### Dataset records
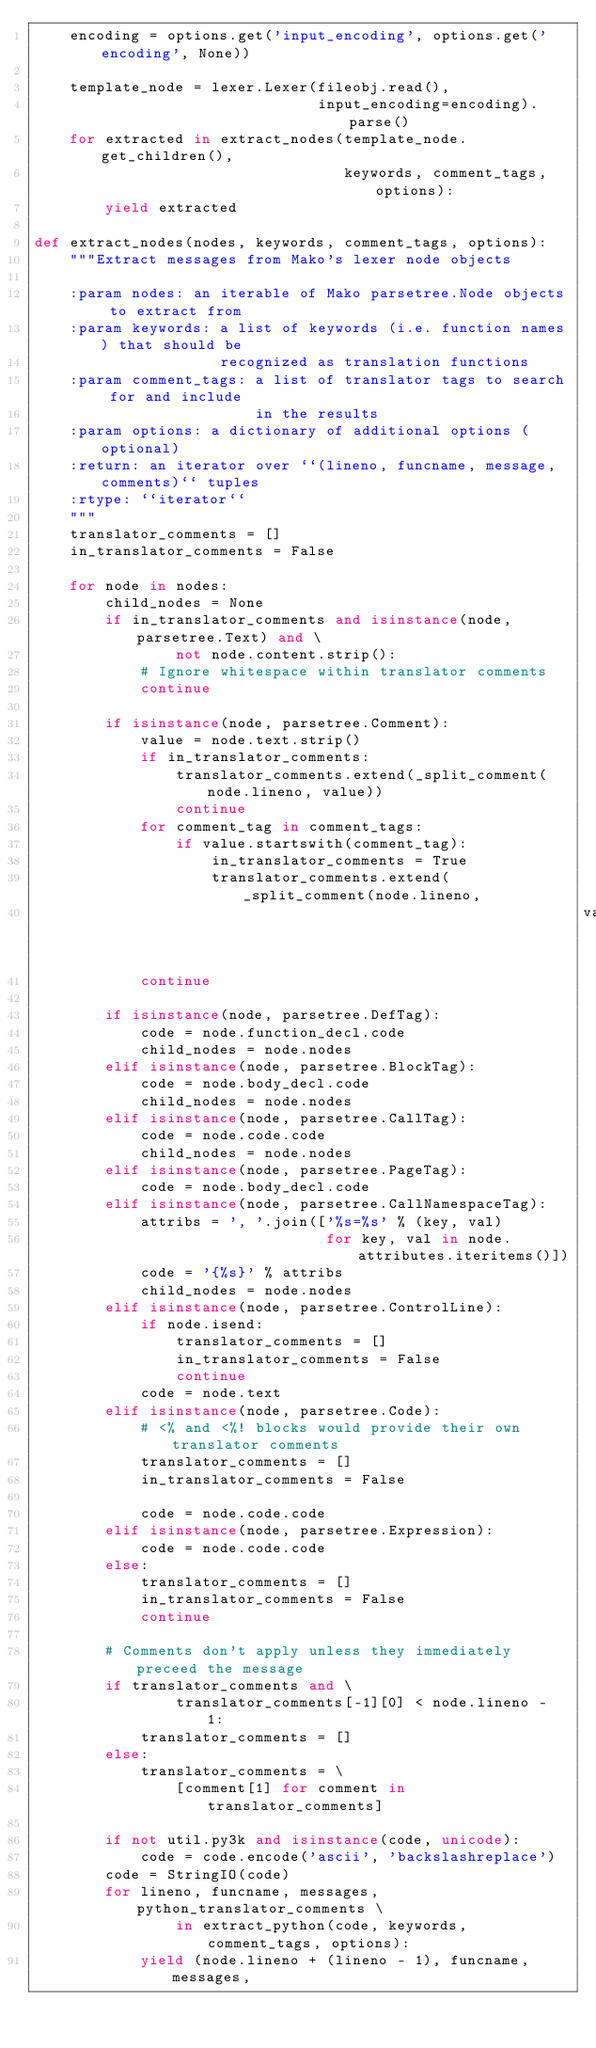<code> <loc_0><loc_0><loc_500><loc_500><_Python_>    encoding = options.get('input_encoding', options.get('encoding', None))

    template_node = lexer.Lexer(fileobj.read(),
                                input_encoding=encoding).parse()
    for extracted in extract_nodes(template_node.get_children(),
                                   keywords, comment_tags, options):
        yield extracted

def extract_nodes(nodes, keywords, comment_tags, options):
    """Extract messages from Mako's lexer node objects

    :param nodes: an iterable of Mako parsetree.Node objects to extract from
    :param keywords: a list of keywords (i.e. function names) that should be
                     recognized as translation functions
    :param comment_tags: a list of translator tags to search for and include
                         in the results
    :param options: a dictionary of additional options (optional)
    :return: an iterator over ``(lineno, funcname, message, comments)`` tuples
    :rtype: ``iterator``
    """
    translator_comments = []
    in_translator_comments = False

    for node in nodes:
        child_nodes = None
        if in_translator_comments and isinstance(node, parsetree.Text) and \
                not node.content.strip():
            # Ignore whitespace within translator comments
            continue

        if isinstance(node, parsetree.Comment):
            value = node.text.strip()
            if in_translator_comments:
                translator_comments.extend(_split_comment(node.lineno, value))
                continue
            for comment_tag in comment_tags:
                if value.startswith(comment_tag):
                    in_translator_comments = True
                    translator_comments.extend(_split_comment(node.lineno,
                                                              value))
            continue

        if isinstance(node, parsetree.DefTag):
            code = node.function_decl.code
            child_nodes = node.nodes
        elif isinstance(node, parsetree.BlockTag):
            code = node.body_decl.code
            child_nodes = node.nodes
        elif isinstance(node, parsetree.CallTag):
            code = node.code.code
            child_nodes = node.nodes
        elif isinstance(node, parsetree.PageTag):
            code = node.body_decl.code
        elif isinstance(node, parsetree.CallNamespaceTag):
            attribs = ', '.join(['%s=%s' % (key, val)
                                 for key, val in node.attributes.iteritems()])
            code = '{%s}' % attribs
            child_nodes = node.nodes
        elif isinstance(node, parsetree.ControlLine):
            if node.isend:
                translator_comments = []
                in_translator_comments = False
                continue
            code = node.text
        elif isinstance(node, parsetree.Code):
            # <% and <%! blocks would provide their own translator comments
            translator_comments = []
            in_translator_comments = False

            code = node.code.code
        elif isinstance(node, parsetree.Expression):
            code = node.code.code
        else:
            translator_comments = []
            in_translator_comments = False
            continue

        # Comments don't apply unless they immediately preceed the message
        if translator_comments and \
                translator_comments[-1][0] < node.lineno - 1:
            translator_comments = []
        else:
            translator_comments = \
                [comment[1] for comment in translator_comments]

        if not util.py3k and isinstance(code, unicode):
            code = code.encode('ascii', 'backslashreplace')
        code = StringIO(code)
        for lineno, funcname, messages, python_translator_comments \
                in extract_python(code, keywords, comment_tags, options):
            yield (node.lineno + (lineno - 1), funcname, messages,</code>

### What this task involves
Once the pictures are removed, reproduce the remaining entries above exactly.

### Response to the exercise
<code> <loc_0><loc_0><loc_500><loc_500><_Python_>    encoding = options.get('input_encoding', options.get('encoding', None))

    template_node = lexer.Lexer(fileobj.read(),
                                input_encoding=encoding).parse()
    for extracted in extract_nodes(template_node.get_children(),
                                   keywords, comment_tags, options):
        yield extracted

def extract_nodes(nodes, keywords, comment_tags, options):
    """Extract messages from Mako's lexer node objects

    :param nodes: an iterable of Mako parsetree.Node objects to extract from
    :param keywords: a list of keywords (i.e. function names) that should be
                     recognized as translation functions
    :param comment_tags: a list of translator tags to search for and include
                         in the results
    :param options: a dictionary of additional options (optional)
    :return: an iterator over ``(lineno, funcname, message, comments)`` tuples
    :rtype: ``iterator``
    """
    translator_comments = []
    in_translator_comments = False

    for node in nodes:
        child_nodes = None
        if in_translator_comments and isinstance(node, parsetree.Text) and \
                not node.content.strip():
            # Ignore whitespace within translator comments
            continue

        if isinstance(node, parsetree.Comment):
            value = node.text.strip()
            if in_translator_comments:
                translator_comments.extend(_split_comment(node.lineno, value))
                continue
            for comment_tag in comment_tags:
                if value.startswith(comment_tag):
                    in_translator_comments = True
                    translator_comments.extend(_split_comment(node.lineno,
                                                              value))
            continue

        if isinstance(node, parsetree.DefTag):
            code = node.function_decl.code
            child_nodes = node.nodes
        elif isinstance(node, parsetree.BlockTag):
            code = node.body_decl.code
            child_nodes = node.nodes
        elif isinstance(node, parsetree.CallTag):
            code = node.code.code
            child_nodes = node.nodes
        elif isinstance(node, parsetree.PageTag):
            code = node.body_decl.code
        elif isinstance(node, parsetree.CallNamespaceTag):
            attribs = ', '.join(['%s=%s' % (key, val)
                                 for key, val in node.attributes.iteritems()])
            code = '{%s}' % attribs
            child_nodes = node.nodes
        elif isinstance(node, parsetree.ControlLine):
            if node.isend:
                translator_comments = []
                in_translator_comments = False
                continue
            code = node.text
        elif isinstance(node, parsetree.Code):
            # <% and <%! blocks would provide their own translator comments
            translator_comments = []
            in_translator_comments = False

            code = node.code.code
        elif isinstance(node, parsetree.Expression):
            code = node.code.code
        else:
            translator_comments = []
            in_translator_comments = False
            continue

        # Comments don't apply unless they immediately preceed the message
        if translator_comments and \
                translator_comments[-1][0] < node.lineno - 1:
            translator_comments = []
        else:
            translator_comments = \
                [comment[1] for comment in translator_comments]

        if not util.py3k and isinstance(code, unicode):
            code = code.encode('ascii', 'backslashreplace')
        code = StringIO(code)
        for lineno, funcname, messages, python_translator_comments \
                in extract_python(code, keywords, comment_tags, options):
            yield (node.lineno + (lineno - 1), funcname, messages,</code>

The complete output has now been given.